Direct exposure to high doses of radiation, or even long‐term exposure to lower occupational doses negatively impacts human health, and can cause a wide range of medical conditions. Therefore, monitoring radiation exposure among individuals who may be subjected to radiation is a crucial aspect of public health. A convenient way to monitor radiation is donning a small, personal, wearable dosimeter. Personnel radiation dosimeters, i.e. “radiation badges”, are based on inorganic materials that respond to ionizing radiation by creating a charge that can be subsequently measured either through electrical or optical methods. But here’s the catch: the person would have to wear the sensor for several weeks and then send it to a lab to be read out.
The progress of innovations in the field of radiation dosimetry has been very slow, and most of the current methods have roots going back several decades. Moreover, these devices are expensive and not easy to use (they require sophisticated readouts that are typically performed by the company selling them). To solve this problem, a team of scientists from Purdue University set out to create low cost, wearable, and disposable sensors that could yield radiation dose measurements within a day. In addition, they wanted to see if biological microorganisms (yeast) could be used as the sensing material within the dosimeter. Like canaries in a coal mine, the readout would simultaneously provide a biological correlation.
The sensor is a film‐type device fabricated on a paper substrate with yeast (Saccharomyces cerevisiae) cells patterned between two electrodes. Exposing a (dry) sensor to high energy ionizing radiation (e.g., gamma rays or UV) causes damage to the proteins and DNA of the yeast, which in turn interferes with the metabolic processes involved in glucose fermentation once the yeast is activated with water. The impairment is detectable as a decrease in the electrical conductivity (when compared with nonirradiated yeast) and is proportional to the radiation dose exposure.

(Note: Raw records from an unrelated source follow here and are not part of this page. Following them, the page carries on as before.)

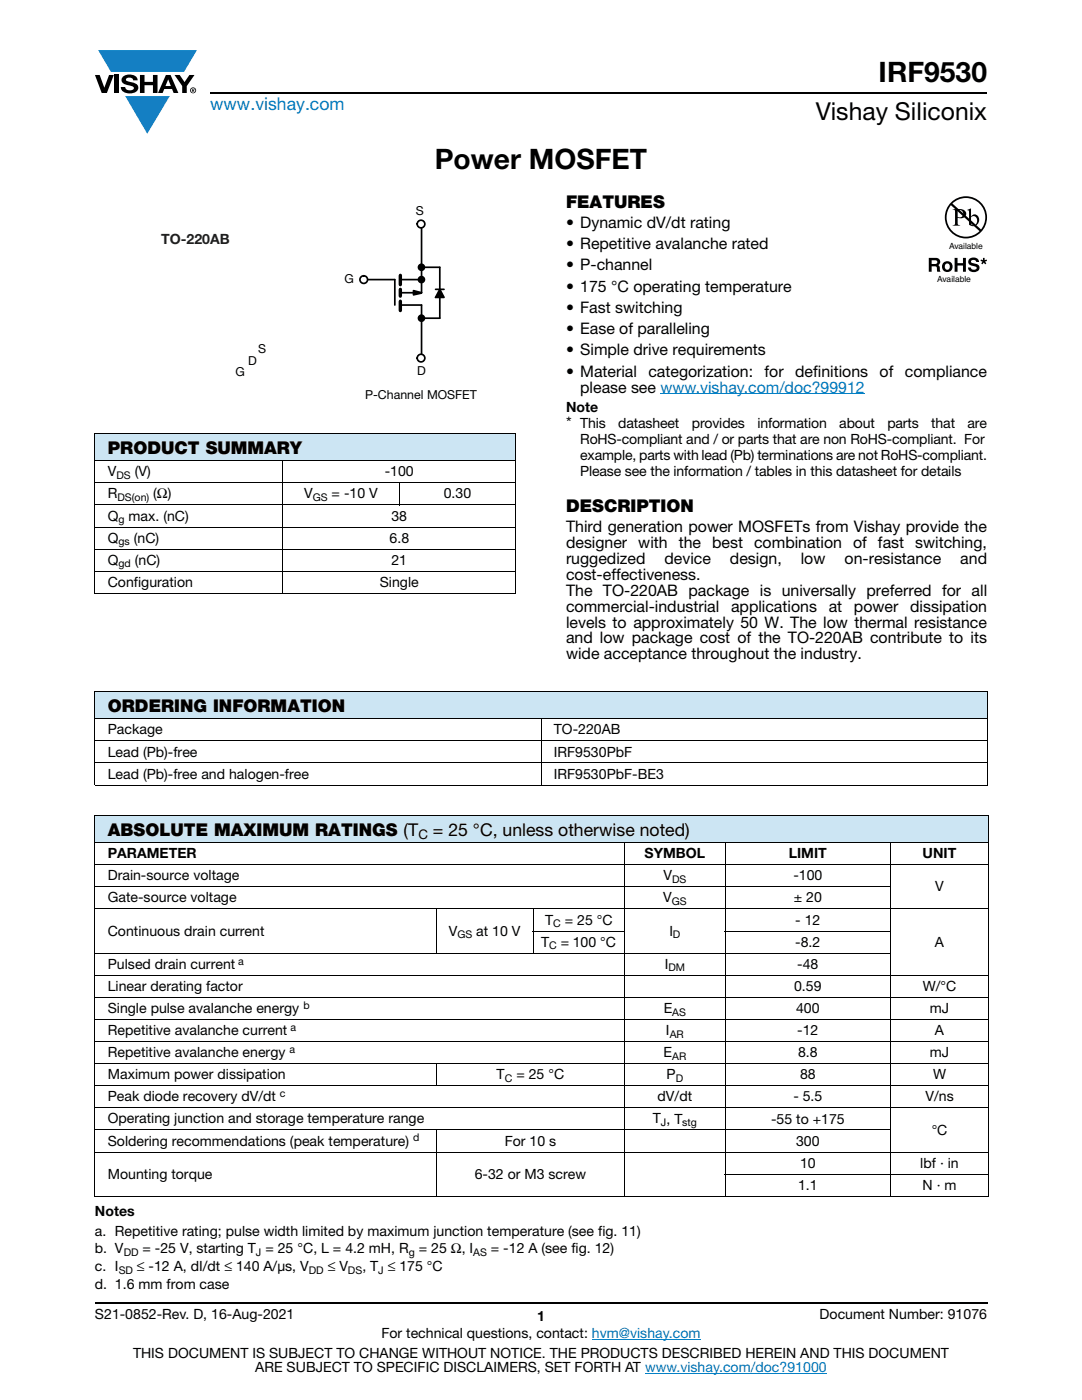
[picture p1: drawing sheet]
<svg xmlns="http://www.w3.org/2000/svg" width="216mm" height="279mm" viewBox="0 0 216 279" stroke-linecap="round" stroke-linejoin="round" font-family="sans-serif">
<defs><g id="words">
<g font-size="5.6">
<text x="175.3" y="16.4">IRF9530</text>
<text x="86.7" y="33.8">Power MOSFET</text>
</g>
<text font-size="4.9" x="162.8" y="24">Vishay Siliconix</text>
<text font-size="3.5" fill="#007ec4" x="42" y="21.9">www.vishay.com</text>
<g font-size="3.5">
<text x="112.9" y="41.5">FEATURES</text>
<text x="21.5" y="90.6">PRODUCT SUMMARY</text>
<text x="112.9" y="102.2">DESCRIPTION</text>
<text x="21.5" y="142.1">ORDERING INFORMATION</text>
<text x="21.5" y="166.8">ABSOLUTE MAXIMUM RATINGS (T</text>
<text x="86.4" y="166.8">= 25 °C, unless otherwise noted)</text>
</g>
<g font-size="3.2">
<text x="112.9" y="45.5">• Dynamic dV/dt rating</text>
<text x="112.9" y="49.7">• Repetitive avalanche rated</text>
<text x="112.9" y="54">• P-channel</text>
<text x="112.9" y="58.2">• 175 °C operating temperature</text>
<text x="112.9" y="62.5">• Fast switching</text>
<text x="112.9" y="66.7">• Ease of paralleling</text>
<text x="112.9" y="70.9">• Simple drive requirements</text>
<text x="112.9" y="75.2">• Material</text>
<text x="129.4" y="75.2">categorization:</text>
<text x="152.6" y="75.2">for</text>
<text x="158.7" y="75.2">definitions</text>
<text x="175.5" y="75.2">of</text>
<text x="180.6" y="75.2">compliance</text>
<text x="115.8" y="78.3">please see www.vishay.com/doc?99912</text>
<text x="112.9" y="85.5">*</text>
<text x="112.9" y="106.2">Third generation power MOSFETs from Vishay provide the</text>
<text x="112.9" y="109.4">designer with the best combination of fast switching,</text>
<text x="112.9" y="112.5">ruggedized</text>
<text x="132.6" y="112.5">device</text>
<text x="145.7" y="112.5">design,</text>
<text x="159.8" y="112.5">low</text>
<text x="168.5" y="112.5">on-resistance</text>
<text x="191.6" y="112.5">and</text>
<text x="112.9" y="115.7">cost-effectiveness.</text>
<text x="112.9" y="118.9">The TO-220AB package is universally preferred for all</text>
<text x="112.9" y="122.1">commercial-industrial</text>
<text x="112.9" y="125.2">levels to approximately 50 W. The low thermal resistance</text>
<text x="145.9" y="122.1">applications</text>
<text x="165.4" y="122.1">at</text>
<text x="170.4" y="122.1">power</text>
<text x="181.6" y="122.1">dissipation</text>
<text x="112.9" y="128.4">and low package cost of the TO-220AB contribute to its</text>
<text x="112.9" y="131.6">wide acceptance throughout the industry.</text>
</g>
<text font-size="2.8" fill="#211e1e" x="32.1" y="48.6">TO-220AB</text>
<g font-size="2.8">
<text x="112.9" y="82.3">Note</text>
<text x="115.8" y="85.5">This</text>
<text x="115.8" y="88.7">RoHS-compliant and / or parts that are non RoHS-compliant. For</text>
<text x="123.4" y="85.5">datasheet</text>
<text x="138" y="85.5">provides</text>
<text x="151.1" y="85.5">information</text>
<text x="167.5" y="85.5">about</text>
<text x="177.1" y="85.5">parts</text>
<text x="185.8" y="85.5">that</text>
<text x="193.1" y="85.5">are</text>
<text x="21.5" y="95.1">V</text>
<text x="26.9" y="95.1">(V)</text>
<text x="76.8" y="95.1">-100</text>
<text x="115.8" y="91.8">example, parts with lead (Pb) terminations are not RoHS-compliant.</text>
<text x="115.8" y="95">Please see the information / tables in this datasheet for details</text>
<text x="21.5" y="99.5">R</text>
<text x="30.6" y="99.5">(Ω)</text>
<text x="60.7" y="99.5">V</text>
<text x="66.2" y="99.5">= -10 V</text>
<text x="88.6" y="99.5">0.30</text>
<text x="21.5" y="103.9">Q</text>
<text x="25.7" y="103.9">max. (nC)</text>
<text x="78.1" y="103.9">38</text>
<text x="21.5" y="108.3">Q</text>
<text x="21.5" y="112.7">Q</text>
<text x="26.7" y="108.3">(nC)</text>
<text x="26.9" y="112.7">(nC)</text>
<text x="77.7" y="108.3">6.8</text>
<text x="78.1" y="112.7">21</text>
<text x="21.5" y="117.1">Configuration</text>
<text x="75.8" y="117.1">Single</text>
<text x="21.5" y="146.6">Package</text>
<text x="110.5" y="146.6">TO-220AB</text>
<text x="21.5" y="151">Lead (Pb)-free</text>
<text x="21.5" y="155.4">Lead (Pb)-free and halogen-free</text>
<text x="110.5" y="155.4">IRF9530PbF-BE3</text>
<text x="110.5" y="151">IRF9530PbF</text>
<text x="21.5" y="171.3">PARAMETER</text>
<text x="128.6" y="171.3">SYMBOL</text>
<text x="157.4" y="171.3">LIMIT</text>
<text x="184.1" y="171.3">UNIT</text>
<text x="21.5" y="175.7">Drain-source voltage</text>
<text x="132.4" y="175.7">V</text>
<text x="158.3" y="175.7">-100</text>
<text x="186.6" y="177.9">V</text>
<text x="21.5" y="180.1">Gate-source voltage</text>
<text x="108.8" y="184.5">T</text>
<text x="112.7" y="184.5">= 25 °C</text>
<text x="132.3" y="180.1">V</text>
<text x="158.4" y="180.1">± 20</text>
<text x="158.7" y="184.5">- 12</text>
<text x="21.5" y="186.7">Continuous drain current</text>
<text x="89.5" y="186.7">V</text>
<text x="95" y="186.7">at 10 V</text>
<text x="108" y="188.9">T</text>
<text x="111.9" y="188.9">= 100 °C</text>
<text x="133.6" y="186.7">I</text>
<text x="158.7" y="188.9">-8.2</text>
<text x="186.6" y="188.9">A</text>
<text x="21.5" y="193.3">Pulsed drain current</text>
<text x="21.5" y="197.8">Linear derating factor</text>
<text x="132.6" y="193.3">I</text>
<text x="158.5" y="197.8">0.59</text>
<text x="159.1" y="193.3">-48</text>
<text x="184.1" y="197.8">W/°C</text>
<text x="21.5" y="202.2">Single pulse avalanche energy</text>
<text x="132.4" y="202.2">E</text>
<text x="158.9" y="202.2">400</text>
<text x="185.6" y="202.2">mJ</text>
<text x="21.5" y="206.6">Repetitive avalanche current</text>
<text x="132.9" y="206.6">I</text>
<text x="159.1" y="206.6">-12</text>
<text x="186.6" y="206.6">A</text>
<text x="21.5" y="215.4">Maximum power dissipation</text>
<text x="21.5" y="211">Repetitive avalanche energy</text>
<text x="99.1" y="215.4">T</text>
<text x="103" y="215.4">= 25 °C</text>
<text x="132.4" y="211">E</text>
<text x="133" y="215.4">P</text>
<text x="159.2" y="211">8.8</text>
<text x="159.6" y="215.4">88</text>
<text x="185.5" y="211">mJ</text>
<text x="186.2" y="215.4">W</text>
<text x="21.5" y="219.8">Peak diode recovery dV/dt</text>
<text x="131.2" y="219.8">dV/dt</text>
<text x="158.3" y="219.8">- 5.5</text>
<text x="184.7" y="219.8">V/ns</text>
<text x="21.5" y="224.2">Operating junction and storage temperature range</text>
<text x="130.2" y="224.2">T , T</text>
<text x="153.9" y="224.2">-55 to +175</text>
<text x="185.9" y="226.4">°C</text>
<text x="21.5" y="228.6">Soldering recommendations (peak temperature)</text>
<text x="100.7" y="228.6">For 10 s</text>
<text x="158.9" y="228.6">300</text>
<text x="159.6" y="233">10</text>
<text x="183.6" y="233">lbf · in</text>
<text x="21.5" y="235.2">Mounting torque</text>
<text x="94.7" y="235.2">6-32 or M3 screw</text>
<text x="159.2" y="237.4">1.1</text>
<text x="184.1" y="237.4">N · m</text>
<text x="18.9" y="242.7">Notes</text>
<text x="18.9" y="250.1">b. V</text>
<text x="18.9" y="246.6">a. Repetitive rating; pulse width limited by maximum junction temperature (see fig. 11)</text>
<text x="28.4" y="250.1">= -25 V, starting T = 25 °C, L = 4.2 mH, R</text>
<text x="83.6" y="250.1">= 25 Ω, I</text>
<text x="98" y="250.1">= -12 A (see fig. 12)</text>
<text x="18.9" y="253.7">c. I</text>
<text x="18.9" y="257.2">d. 1.6 mm from case</text>
<text x="27.3" y="253.7">≤ -12 A, dI/dt ≤ 140 A/μs, V</text>
<text x="65.4" y="253.7">≤ V</text>
<text x="72.3" y="253.7">, T ≤ 175 °C</text>
<text x="18.9" y="263.3">S21-0852-Rev. D, 16-Aug-2021</text>
<text x="107.2" y="263.6">1</text>
<text x="163.6" y="263.3">Document Number: 91076</text>
<text x="76.1" y="267.1">For technical questions, contact: hvm@vishay.com</text>
<text x="26.5" y="271">THIS DOCUMENT IS SUBJECT TO CHANGE WITHOUT NOTICE. THE PRODUCTS DESCRIBED HEREIN AND THIS DOCUMENT</text>
<text x="50.9" y="273.8">ARE SUBJECT TO SPECIFIC DISCLAIMERS, SET FORTH AT www.vishay.com/doc?91000</text>
</g>
<text font-size="2.6" x="83.5" y="167.4">C</text>
<g font-size="2.5">
<text x="83" y="42.8">S</text>
<text x="68.7" y="56.6">G</text>
<text x="51.5" y="70.5">S</text>
<text x="47" y="74.9">G</text>
<text x="49.5" y="72.8">D</text>
<text x="83.3" y="74.9">D</text>
<text x="72.9" y="79.7">P-Channel MOSFET</text>
</g>
<g font-size="2.1">
<text x="23.2" y="95.6">DS</text>
<text x="23.4" y="100">DS(on)</text>
<text x="62.4" y="100">GS</text>
<text x="23.6" y="104.4">g</text>
<text x="23.6" y="108.8">gs</text>
<text x="23.6" y="113.2">gd</text>
<text x="134.1" y="176.2">DS</text>
<text x="110.4" y="185">C</text>
<text x="134" y="180.6">GS</text>
<text x="91.3" y="187.2">GS</text>
<text x="109.6" y="189.4">C</text>
<text x="134.3" y="187.2">D</text>
<text x="47.5" y="192.5">a</text>
<text x="133.4" y="193.8">DM</text>
<text x="60.5" y="201.3">b</text>
<text x="134.2" y="202.7">AS</text>
<text x="57.9" y="205.7">a</text>
<text x="133.6" y="207.1">AR</text>
<text x="57.8" y="210.1">a</text>
<text x="100.7" y="215.9">C</text>
<text x="134.1" y="211.5">AR</text>
<text x="134.8" y="215.9">D</text>
<text x="55.8" y="218.9">c</text>
<text x="82.4" y="227.8">d</text>
<text x="131.9" y="224.7">J</text>
<text x="136.1" y="224.7">stg</text>
<text x="24.7" y="250.7">DD</text>
<text x="51.1" y="250.7">J</text>
<text x="81.6" y="250.7">g</text>
<text x="94.4" y="250.7">AS</text>
<text x="23.7" y="254.2">SD</text>
<text x="61.6" y="254.2">DD</text>
<text x="69.4" y="254.2">DS</text>
<text x="75.5" y="254.2">J</text>
</g>
<g font-size="1.7">
<text x="189.4" y="49.6">Available</text>
<text x="187" y="56.2">Available</text>
</g>
</g></defs>
<g fill="#147fc3">
<path d="M19.6 10h19.7l-2.6 4.3h-1.1h-13.5z"/>
<path d="M25 19.2h8.9l-4.5 7.5z"/>
</g>
<g fill="#000">
<path d="M18.9 15h1l.9 2.5 1-2.5h.9l-1.4 3.6h-1zM22.9 15h.9v3.6h-.9zM24.6 15.3a2.1 2.1 0 0 1 2.8 .3l.1 .4h-.9a.79 .79 0 0 0-.7-.5 .79 .79 0 0 0-.8 .4l.3 .3 1 .2a1.08 1.08 0 0 1 1.2 1 1.08 1.08 0 0 1-1.1 1.2 1.73 1.73 0 0 1-2.4-1.2h.9a.96 .96 0 0 0 .8 .6 .96 .96 0 0 0 .9-.4 1.31 1.31 0 0 0-1.2-.6 1.03 1.03 0 0 1-1.1-.6 1.03 1.03 0 0 1 .2-1.1zM27.9 15h.9v1.3h1.7v-1.3h.9v3.6h-.9v-1.6h-1.7v1.6h-.9zM34.8 15h1.1l.9 1.4 1-1.4h1l-1.5 2.2v1.4h-.9v-1.4z"/>
<path d="M33.6 15.9l.5 1.3h-1.1zM33.1 15l-1.6 3.6h1l.3-.8h1.5l.3 .8h1l-1.6-3.6z"/>
<path d="M38.4 17.8h.2v.2h-.2zM38.3 17.7v.7h.1v-.3l.4 .3-.2-.3 .2-.2-.1-.2z"/>
<path d="M38.1 18a.46 .46 0 0 1 .9 0 .46 .46 0 0 1-.9 0zM37.9 18a.6 .6 0 0 0 1.2 0 .6 .6 0 0 0-1.2 0z"/>
</g>
<path d="M42 18.6h155M18.9 260h178.1" fill="none" stroke="#000" stroke-width=".36"/>
<path d="M131.8 78.6h40.8M118.1 267.3h21.7M128.7 274h36.3" fill="none" stroke="#007ec4" stroke-width=".2"/>
<path d="M18.9 86.5h84.1v5.5h-84.1z" fill="#cce5f3"/>
<g fill="none" stroke="#000" stroke-width=".2">
<path d="M18.9 86.5h84.1M18.9 92h84.1M18.9 96.4h84.1M18.9 86.6v27.3M56.4 91.9v26.6M79.7 96.3v4.6M103 86.6v27.3M18.9 100.8h84.1M18.9 105.2h84.1M18.9 109.6h84.1M18.9 114h84.1M18.9 118.4h84.1"/>
<path d="M18.9 114.1v4.2M103 114.1v4.2"/>
</g>
<path d="M79.9 55.8h4.2M84.1 45.6v12.8" fill="none" stroke="#000" stroke-width=".34"/>
<circle cx="84" cy="71.5" r=".76" fill="#fff"/>
<g fill="none" stroke="#000" stroke-width=".34">
<path d="M73.2 55.8h5.6v5.1M79.9 58.4h4.2l-1.6-.4v.8l1.5-.3M84.1 53.3h3.7v10.2h-3.7M86.9 57.7h1.7M87.8 57.7l.8 1.7h-1.7zM79.9 60.9h4.2v9.8"/>
<circle cx="84" cy="71.5" r=".76"/>
</g>
<path d="M79.9 55v1.8M79.9 57.7v1.4M79.9 60.1v1.9" fill="none" stroke="#000" stroke-width=".68"/>
<path d="M82.5 58l1.6 .4-1.6 .4zM87.8 57.7l.8 1.7h-1.7z" fill="#000"/>
<circle cx="72.6" cy="55.8" r=".76" fill="#fff"/>
<circle cx="72.6" cy="55.8" r=".76" fill="none" stroke="#000" stroke-width=".34"/>
<circle cx="84" cy="44.7" r=".76" fill="#fff"/>
<g fill="none" stroke="#000" stroke-width=".34">
<circle cx="84" cy="44.7" r=".76"/>
<circle cx="84.1" cy="55.8" r=".59"/>
<circle cx="84.1" cy="53.3" r=".59"/>
<circle cx="84.1" cy="63.5" r=".59"/>
</g>
<g fill="#000">
<circle cx="84.1" cy="55.8" r=".59"/>
<circle cx="84.1" cy="53.3" r=".59"/>
<circle cx="84.1" cy="63.5" r=".59"/>
</g>
<g fill="#000">
<path d="M190.5 51.5h.6v1h1.1v-1h.5v2.7h-.5v-1.2h-1.1v1.2h-.6zM193.5 51.6a1.15 1.15 0 0 1 1.9 .7h-.6v-.2a.68 .68 0 0 0-1-.1v.4l.2 .1a1.29 1.29 0 0 1 1.4 .9 1.17 1.17 0 0 1-1.1 .9 1.17 1.17 0 0 1-1.1-.9h.5l.1 .2a.67 .67 0 0 0 1.1-.1l-.3-.3-.5-.1a.81 .81 0 0 1-.9-.5 .81 .81 0 0 1 .3-1zM195.7 51.8l.4 .1v-.4h.4v.4l.4-.1 .1 .3-.5 .1 .3 .4-.2 .2-.3-.4-.3 .4-.2-.2 .3-.4-.4-.1z"/>
<path d="M185.9 51.9v.8l.9-.1a.38 .38 0 0 0 .1-.6zM185.3 51.5h1.4a.78 .78 0 0 1 .8 .4 .78 .78 0 0 1-.1 .9l-.2 .1a.97 .97 0 0 1 .4 1.2l.1 .1h-.7l-.2-1h-.9v1h-.6z"/>
<path d="M188.8 52.6a.63 .63 0 0 0-.3 .8 .63 .63 0 0 0 .8 .4 .63 .63 0 0 0 .2-.8 .63 .63 0 0 0-.7-.4zM187.9 53.2a1.1 1.1 0 0 1 2.2 0 1.1 1.1 0 0 1-2.2 0z"/>
<path d="M190 40.6a3.9 3.9 0 0 1 5.3-.1 3.9 3.9 0 0 1 .4 5.3zM189.7 41l5.8 5.1a3.9 3.9 0 0 1-5.4 .1 3.9 3.9 0 0 1-.4-5.2zM188.5 43.4a4.2 4.2 0 0 0 8.5 0 4.2 4.2 0 0 0-8.5 0z"/>
<path d="M191.1 42v1.3a.75 .75 0 0 0 1.1-.7 .75 .75 0 0 0-1.1-.6zM190.1 41.7a2.81 2.81 0 0 1 2.5 .4 .97 .97 0 0 1-.1 1.2 .97 .97 0 0 1-1.2 .2h-.2v1v.3l.5 .2h-1.5l.3-.1 .2-.4v-2.3l-.1-.2z"/>
<path d="M193.8 43.4v1.3l.1 .2a.72 .72 0 0 0 .8-.1 .72 .72 0 0 0 .3-.8 .72 .72 0 0 0-.4-.8 .72 .72 0 0 0-.8 .2zM193 41.9l.8-.3v1.6a.89 .89 0 0 1 1.1-.4 .89 .89 0 0 1 .5 1.1 1.23 1.23 0 0 1-.7 1.1 1.23 1.23 0 0 1-1.3-.1l-.1-2.7z"/>
</g>
<g fill="#cce5f3">
<path d="M18.9 137.9h178.1v5.5h-178.1z"/>
<path d="M18.9 162.7h178.3v5.5h-178.3z"/>
</g>
<g fill="none" stroke="#000" stroke-width=".2">
<path d="M18.9 137.9h178.1M18.9 138v5.4M197 138v9.8M18.9 143.4h89M18.9 147.9h178.1M18.9 152.3h178.1M18.9 156.7h178.1M18.9 143.5v13.1M107.9 143.4v13.4M108 143.4h89M197 148v8.6M18.9 162.7h178.4"/>
<path d="M18.9 168.2h178.4M18.9 172.6h178.4M18.9 177h158.9M18.9 162.8v75.9M124.7 168.1v70.7M144.7 168.1v70.7M177.7 168.1v70.7M197.2 162.8v75.9M18.9 181.4h178.4M18.9 190.2h158.9M18.9 194.6h178.4M18.9 199.1h178.4"/>
<path d="M87 181.3v9M106.3 185.8h18.5M106.4 181.3v9M144.6 185.8h33.2M18.9 203.5h178.4M18.9 207.9h178.4M18.9 212.3h178.4M18.9 216.7h178.4M87 212.2v4.6M18.9 221.1h178.4M18.9 225.5h158.9M18.9 229.9h178.4"/>
<path d="M18.9 238.7h178.4M87 225.4v13.4M144.6 234.3h52.7"/>
</g>
<use href="#words"/>
</svg>

The low cost of yeast combined with the printing fabrication method results in the creation of very inexpensive and disposable badges that can be used in personnel dosimetry in healthcare and nuclear industry applications. “These results showcase the potential of this method for the fabrication of flexible electronics in the near future.” concludes Prof. Babak Ziaie. In addition, these sensors can be fabricated in large area formats using roll-to-roll and other flexible substrate printing technologies. The next challenges to be overcome are related to the scale up manufacturing, packaging, and development of handheld readout units.